● **DATA IN THIS EXERCISE**
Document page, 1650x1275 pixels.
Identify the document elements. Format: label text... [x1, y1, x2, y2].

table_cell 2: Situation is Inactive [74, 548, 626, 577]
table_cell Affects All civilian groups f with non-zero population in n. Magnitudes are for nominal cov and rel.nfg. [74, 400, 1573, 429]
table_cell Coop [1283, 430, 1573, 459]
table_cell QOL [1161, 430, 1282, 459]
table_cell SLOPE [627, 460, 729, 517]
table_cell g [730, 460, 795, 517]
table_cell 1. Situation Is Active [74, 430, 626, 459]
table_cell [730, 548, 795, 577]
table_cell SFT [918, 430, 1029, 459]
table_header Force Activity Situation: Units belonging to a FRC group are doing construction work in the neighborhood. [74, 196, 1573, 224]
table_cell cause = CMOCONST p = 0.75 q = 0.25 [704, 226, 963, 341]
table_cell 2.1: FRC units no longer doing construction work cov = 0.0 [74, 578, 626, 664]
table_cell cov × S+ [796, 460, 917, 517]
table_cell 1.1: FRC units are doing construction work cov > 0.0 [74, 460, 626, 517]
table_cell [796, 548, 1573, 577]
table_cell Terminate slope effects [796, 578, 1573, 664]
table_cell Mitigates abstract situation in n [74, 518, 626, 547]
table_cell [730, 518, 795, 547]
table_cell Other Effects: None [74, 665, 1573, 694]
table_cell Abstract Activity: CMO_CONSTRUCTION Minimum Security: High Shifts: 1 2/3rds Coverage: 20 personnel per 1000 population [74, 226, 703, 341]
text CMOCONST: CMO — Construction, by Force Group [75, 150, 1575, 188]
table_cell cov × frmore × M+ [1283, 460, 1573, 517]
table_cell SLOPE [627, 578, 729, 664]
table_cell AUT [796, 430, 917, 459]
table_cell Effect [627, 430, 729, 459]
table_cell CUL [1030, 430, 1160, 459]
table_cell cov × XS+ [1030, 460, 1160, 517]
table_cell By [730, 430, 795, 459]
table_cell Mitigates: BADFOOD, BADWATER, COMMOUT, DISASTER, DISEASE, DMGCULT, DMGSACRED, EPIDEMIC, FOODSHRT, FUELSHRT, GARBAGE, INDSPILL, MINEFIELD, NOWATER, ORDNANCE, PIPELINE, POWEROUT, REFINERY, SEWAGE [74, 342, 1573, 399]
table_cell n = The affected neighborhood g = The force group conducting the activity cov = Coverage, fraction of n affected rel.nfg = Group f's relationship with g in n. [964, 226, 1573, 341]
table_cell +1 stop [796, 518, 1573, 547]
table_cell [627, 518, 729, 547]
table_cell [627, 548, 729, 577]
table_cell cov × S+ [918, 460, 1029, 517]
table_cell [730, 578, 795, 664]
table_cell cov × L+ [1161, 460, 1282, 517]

---

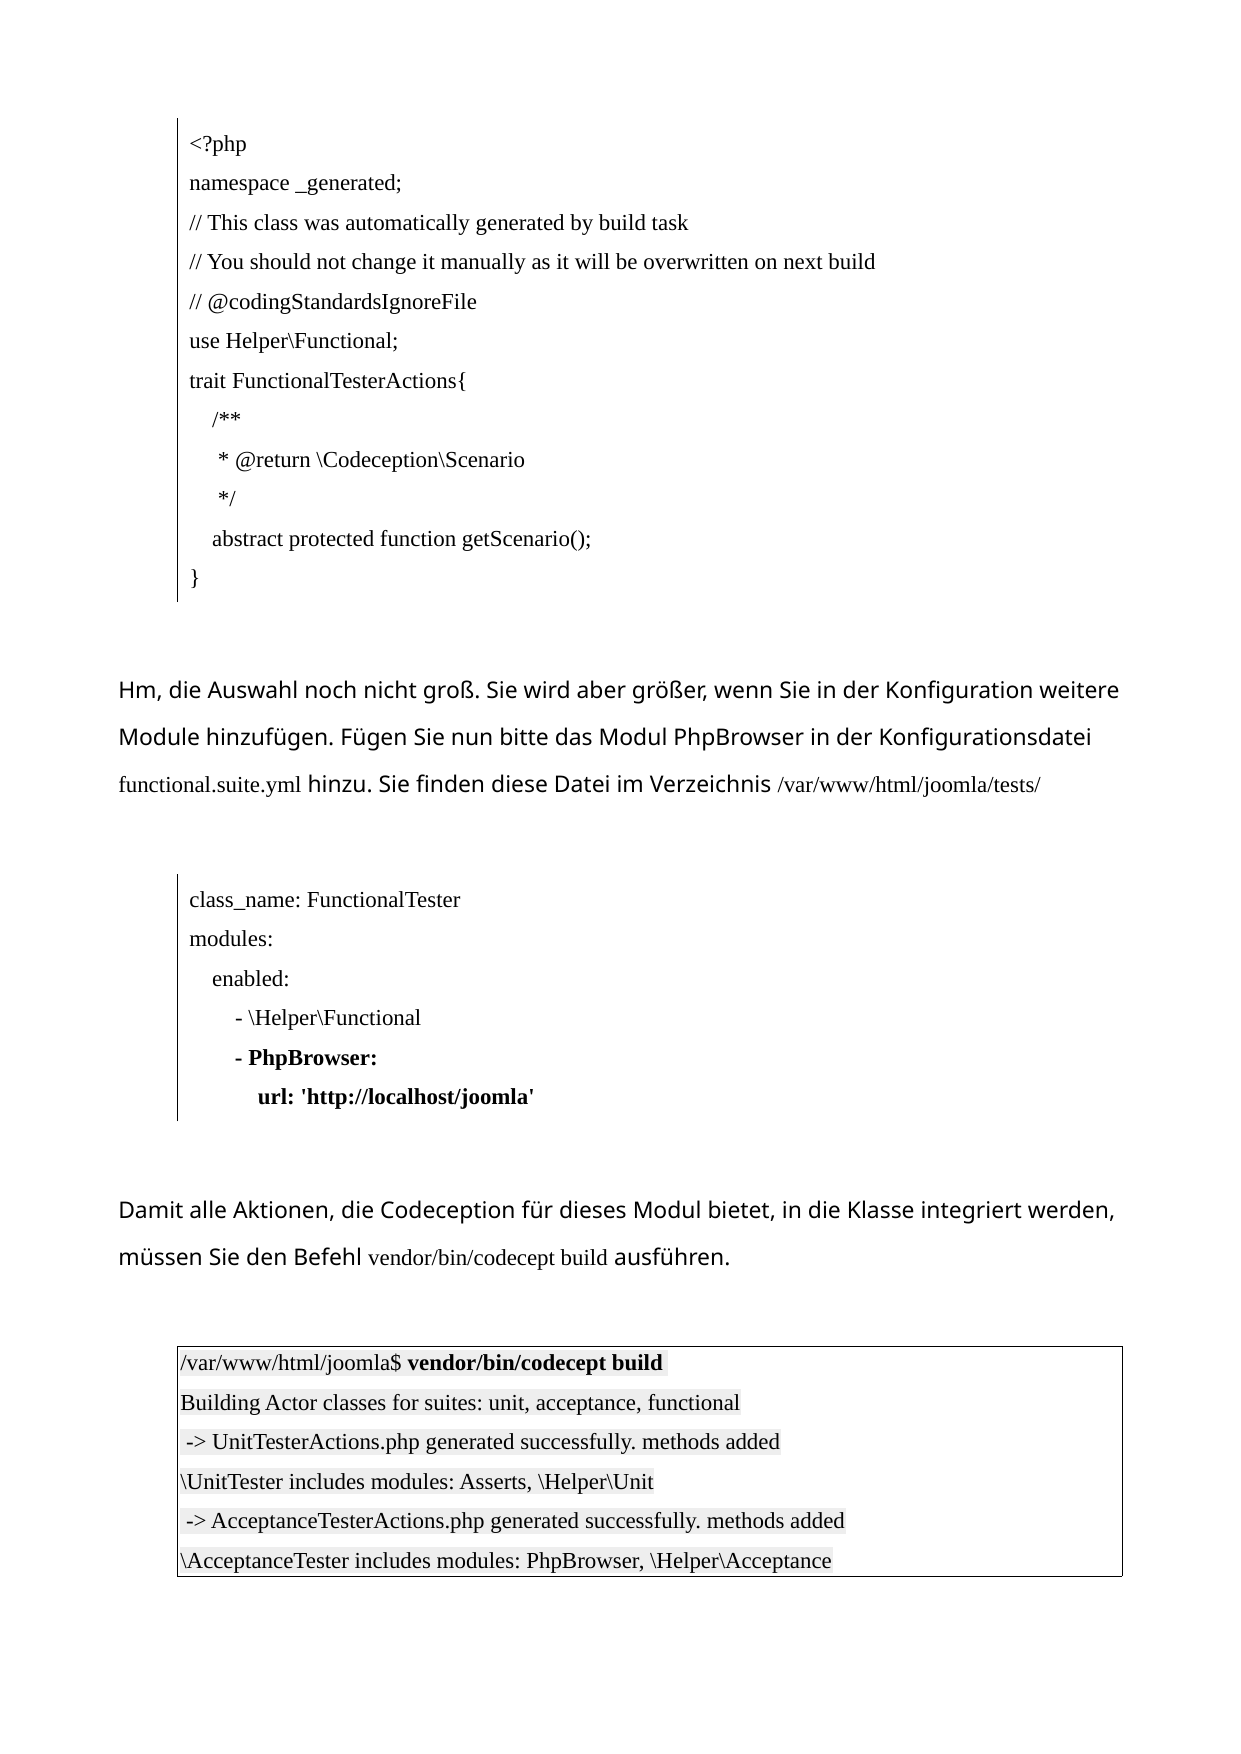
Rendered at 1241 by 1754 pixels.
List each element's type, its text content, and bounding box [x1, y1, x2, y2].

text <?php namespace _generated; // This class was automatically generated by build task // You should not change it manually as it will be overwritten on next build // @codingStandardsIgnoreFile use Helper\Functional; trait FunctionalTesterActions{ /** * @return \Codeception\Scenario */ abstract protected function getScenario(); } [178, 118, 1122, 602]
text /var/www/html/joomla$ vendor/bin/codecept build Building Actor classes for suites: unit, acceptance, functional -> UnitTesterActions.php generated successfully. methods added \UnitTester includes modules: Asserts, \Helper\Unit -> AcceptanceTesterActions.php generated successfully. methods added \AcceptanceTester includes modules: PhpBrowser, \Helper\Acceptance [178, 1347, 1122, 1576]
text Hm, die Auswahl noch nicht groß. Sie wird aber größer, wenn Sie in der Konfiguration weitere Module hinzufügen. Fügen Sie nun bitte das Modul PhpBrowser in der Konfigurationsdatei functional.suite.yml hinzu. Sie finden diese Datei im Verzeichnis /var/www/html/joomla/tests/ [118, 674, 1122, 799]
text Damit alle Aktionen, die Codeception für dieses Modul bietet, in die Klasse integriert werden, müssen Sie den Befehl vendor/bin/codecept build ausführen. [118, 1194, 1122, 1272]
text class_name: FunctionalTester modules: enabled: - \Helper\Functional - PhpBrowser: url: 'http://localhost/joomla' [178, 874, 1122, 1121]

● **ABOUT THIS EXERCISE**
Using the data above, repeat exactly the lines that begin at the line with "342, 1573, 399]" and end at the line with "table_cell cov × L+ [1161, 460, 1282, 517]", both ends included.

● **SOLUTION FOR THIS TASK**
table_cell Mitigates: BADFOOD, BADWATER, COMMOUT, DISASTER, DISEASE, DMGCULT, DMGSACRED, EPIDEMIC, FOODSHRT, FUELSHRT, GARBAGE, INDSPILL, MINEFIELD, NOWATER, ORDNANCE, PIPELINE, POWEROUT, REFINERY, SEWAGE [74, 342, 1573, 399]
table_cell n = The affected neighborhood g = The force group conducting the activity cov = Coverage, fraction of n affected rel.nfg = Group f's relationship with g in n. [964, 226, 1573, 341]
table_cell +1 stop [796, 518, 1573, 547]
table_cell [627, 518, 729, 547]
table_cell [627, 548, 729, 577]
table_cell cov × S+ [918, 460, 1029, 517]
table_cell [730, 578, 795, 664]
table_cell cov × L+ [1161, 460, 1282, 517]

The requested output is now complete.